* [TASK DIRECTIONS]: Hunt through the lines below for the string "processed" and copy each one that has it.

===== EXERCISE DATA =====

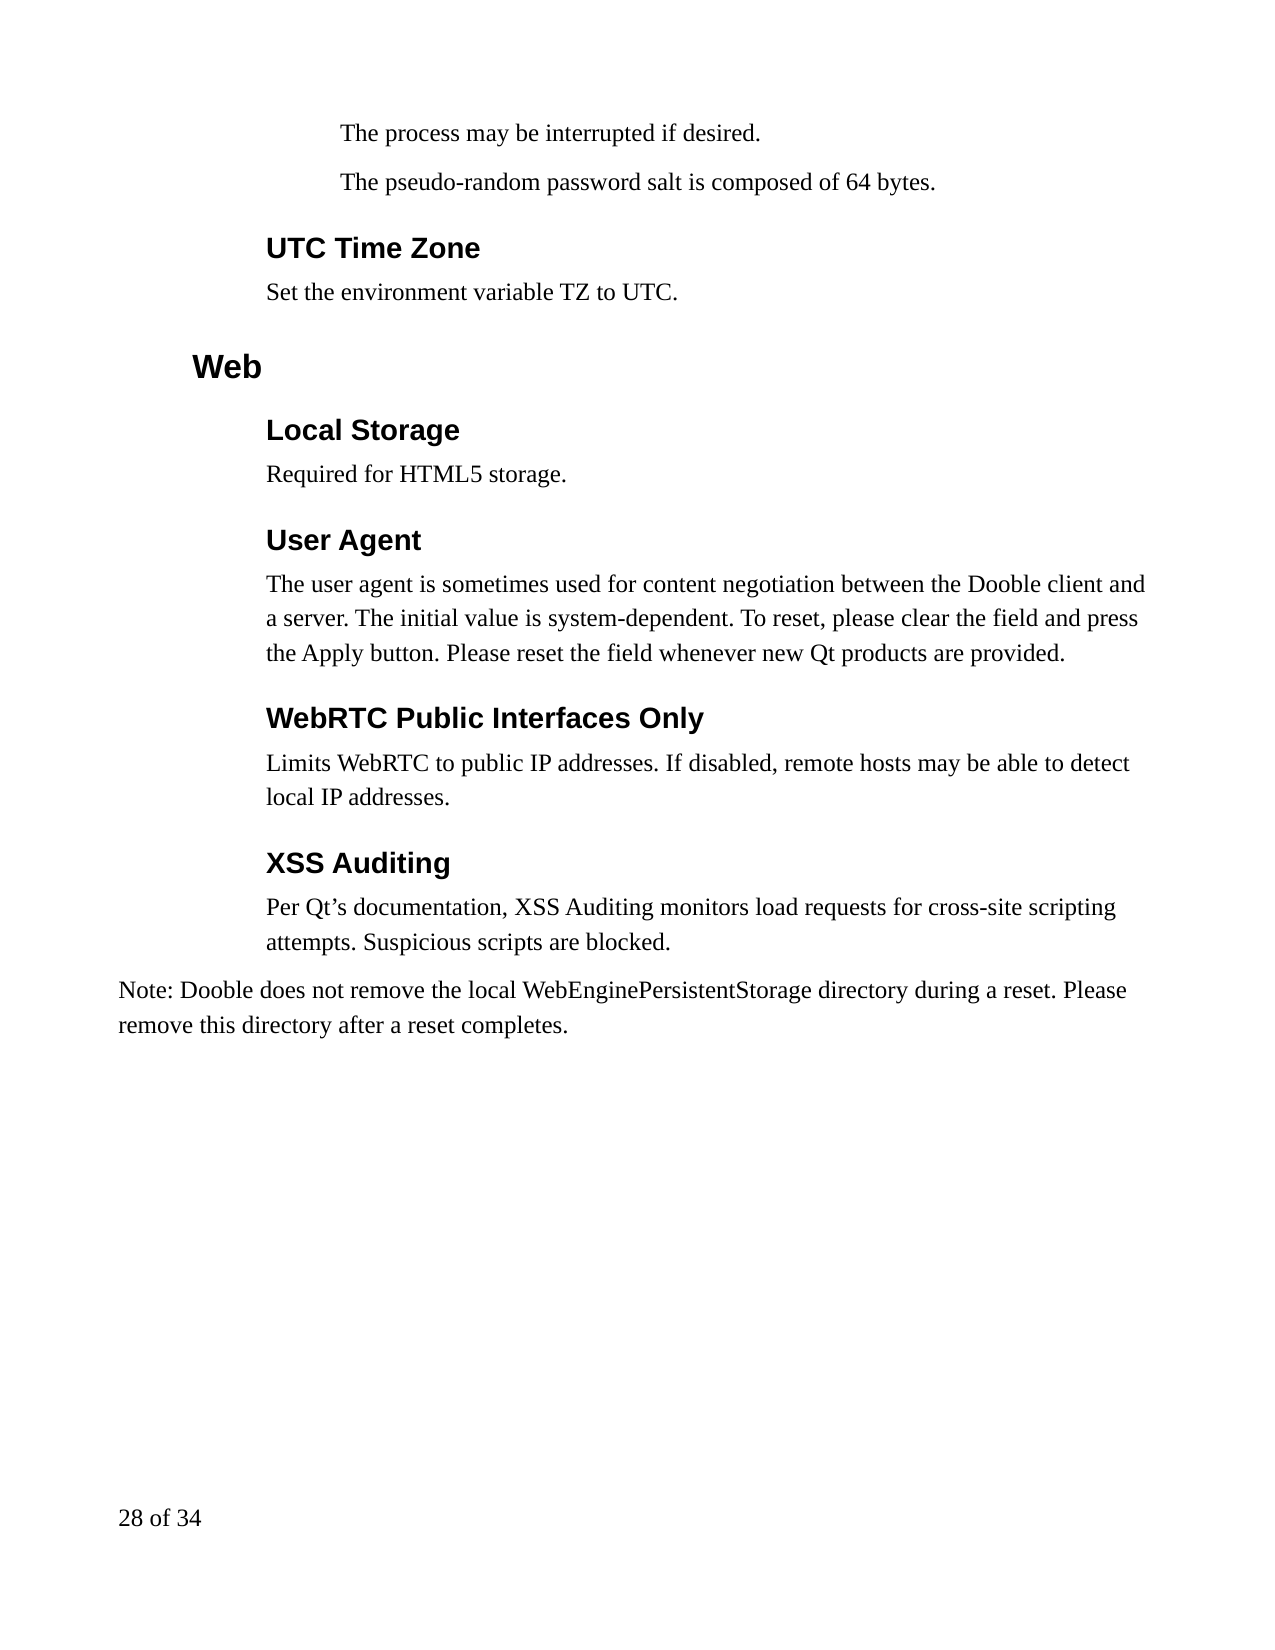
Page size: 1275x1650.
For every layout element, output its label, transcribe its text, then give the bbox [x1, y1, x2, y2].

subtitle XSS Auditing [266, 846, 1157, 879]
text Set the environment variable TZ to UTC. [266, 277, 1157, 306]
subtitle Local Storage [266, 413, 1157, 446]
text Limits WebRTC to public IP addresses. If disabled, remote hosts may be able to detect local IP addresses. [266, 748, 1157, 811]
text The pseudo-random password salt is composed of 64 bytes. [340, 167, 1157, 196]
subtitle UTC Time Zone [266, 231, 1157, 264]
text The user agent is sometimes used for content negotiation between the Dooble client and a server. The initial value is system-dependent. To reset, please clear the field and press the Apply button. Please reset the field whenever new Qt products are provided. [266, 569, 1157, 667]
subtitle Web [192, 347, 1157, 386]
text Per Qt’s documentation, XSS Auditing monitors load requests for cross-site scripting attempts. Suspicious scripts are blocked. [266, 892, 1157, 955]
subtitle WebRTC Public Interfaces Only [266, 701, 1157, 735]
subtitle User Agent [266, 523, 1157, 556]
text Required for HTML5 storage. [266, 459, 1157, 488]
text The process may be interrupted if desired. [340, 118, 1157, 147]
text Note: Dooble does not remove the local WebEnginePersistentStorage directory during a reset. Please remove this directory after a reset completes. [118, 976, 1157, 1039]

=====
===== EXERCISE DATA =====

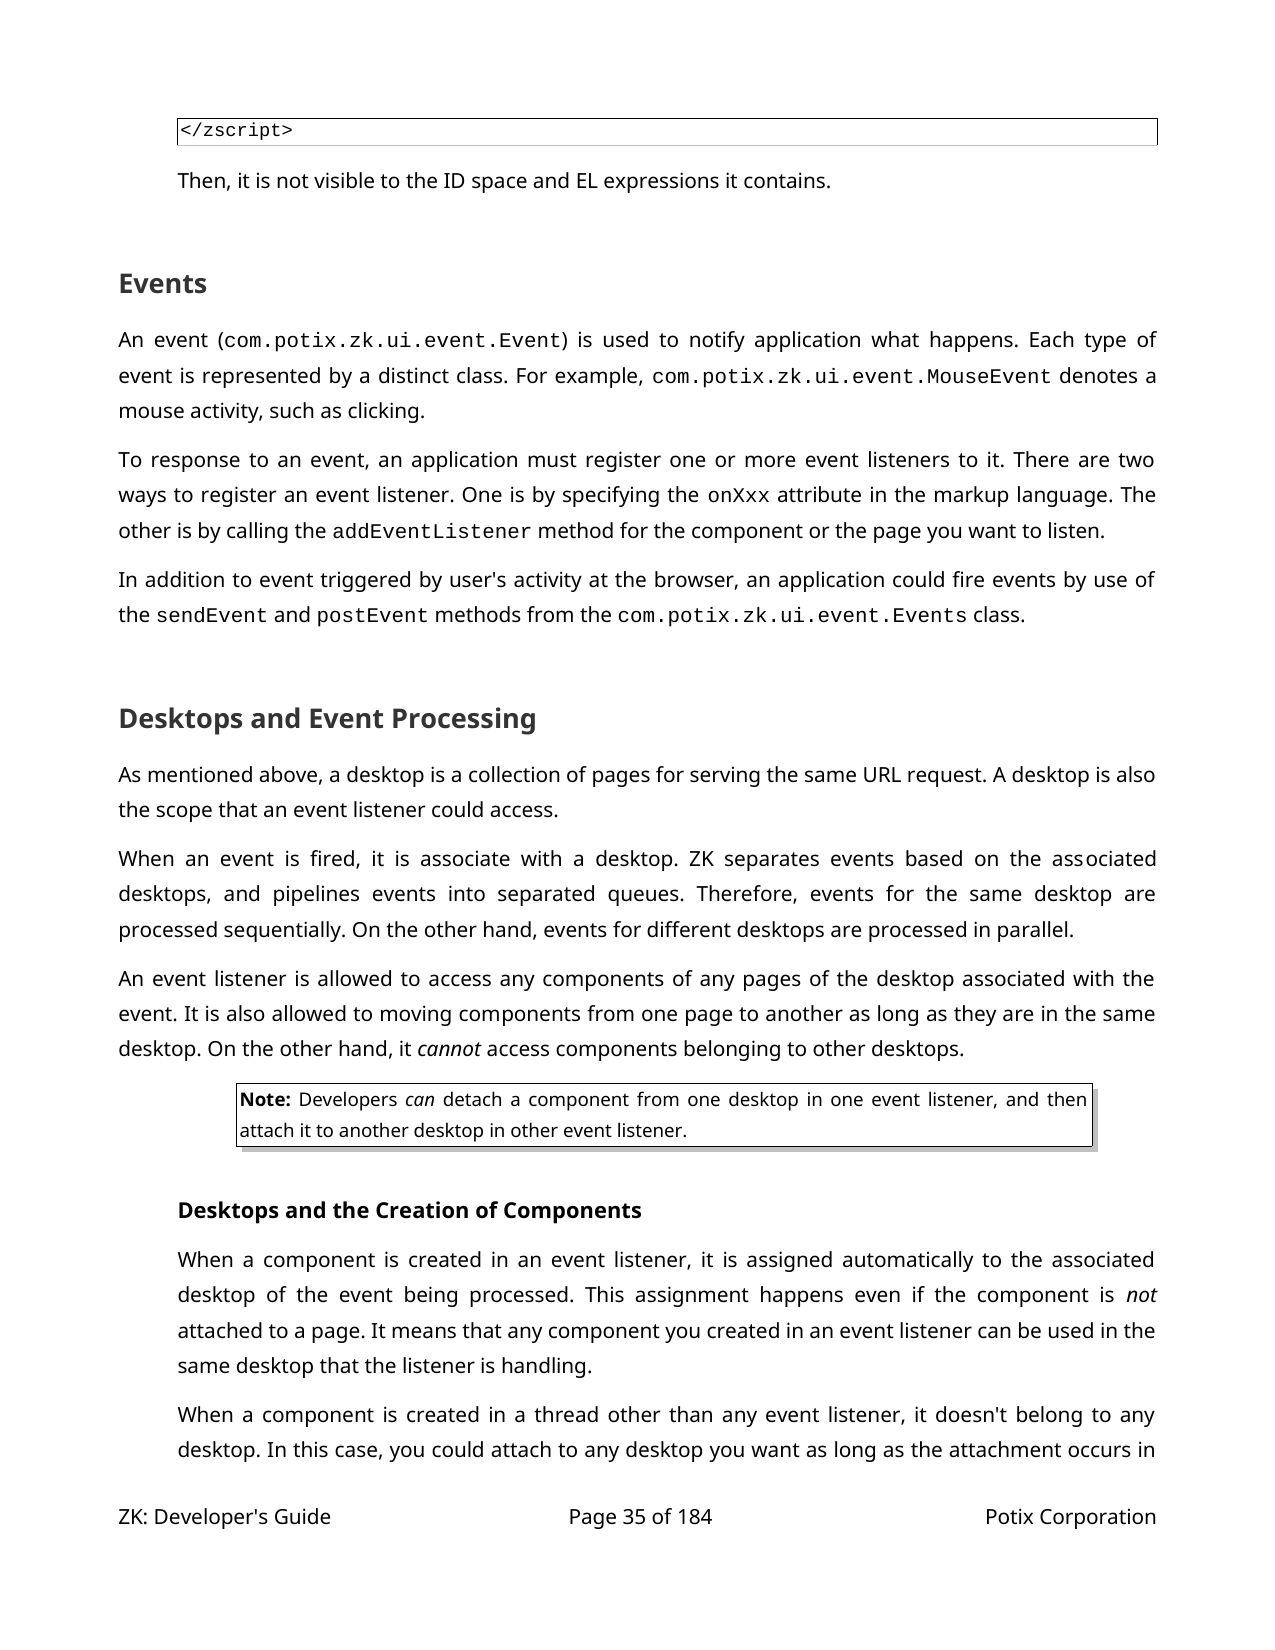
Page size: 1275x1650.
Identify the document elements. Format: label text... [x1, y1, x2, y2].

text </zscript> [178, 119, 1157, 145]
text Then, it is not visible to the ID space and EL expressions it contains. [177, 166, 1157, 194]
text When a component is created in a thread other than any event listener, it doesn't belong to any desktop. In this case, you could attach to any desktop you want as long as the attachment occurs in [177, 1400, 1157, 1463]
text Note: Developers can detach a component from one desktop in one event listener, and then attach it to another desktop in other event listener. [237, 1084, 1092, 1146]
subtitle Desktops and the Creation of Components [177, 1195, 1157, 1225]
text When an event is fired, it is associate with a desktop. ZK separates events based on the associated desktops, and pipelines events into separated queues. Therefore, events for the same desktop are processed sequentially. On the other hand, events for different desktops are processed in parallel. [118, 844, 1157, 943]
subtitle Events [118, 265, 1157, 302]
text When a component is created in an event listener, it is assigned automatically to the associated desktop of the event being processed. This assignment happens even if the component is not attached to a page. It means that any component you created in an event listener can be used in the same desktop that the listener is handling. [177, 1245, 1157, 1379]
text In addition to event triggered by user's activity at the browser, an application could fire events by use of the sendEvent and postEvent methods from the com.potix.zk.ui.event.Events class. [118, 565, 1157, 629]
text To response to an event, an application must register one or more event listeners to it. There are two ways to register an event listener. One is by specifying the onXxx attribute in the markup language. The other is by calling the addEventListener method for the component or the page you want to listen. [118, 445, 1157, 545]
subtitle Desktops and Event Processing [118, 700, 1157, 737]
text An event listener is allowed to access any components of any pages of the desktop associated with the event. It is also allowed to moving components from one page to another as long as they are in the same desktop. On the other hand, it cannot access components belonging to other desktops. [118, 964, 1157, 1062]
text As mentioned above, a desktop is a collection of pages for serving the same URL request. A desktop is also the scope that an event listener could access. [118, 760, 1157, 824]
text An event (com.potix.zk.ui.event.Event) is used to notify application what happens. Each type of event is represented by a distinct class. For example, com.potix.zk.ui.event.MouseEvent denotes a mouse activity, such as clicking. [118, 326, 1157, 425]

=====

* [WORKED SOLUTION]:
text When an event is fired, it is associate with a desktop. ZK separates events based on the associated desktops, and pipelines events into separated queues. Therefore, events for the same desktop are processed sequentially. On the other hand, events for different desktops are processed in parallel. [118, 844, 1157, 943]
text When a component is created in an event listener, it is assigned automatically to the associated desktop of the event being processed. This assignment happens even if the component is not attached to a page. It means that any component you created in an event listener can be used in the same desktop that the listener is handling. [177, 1245, 1157, 1379]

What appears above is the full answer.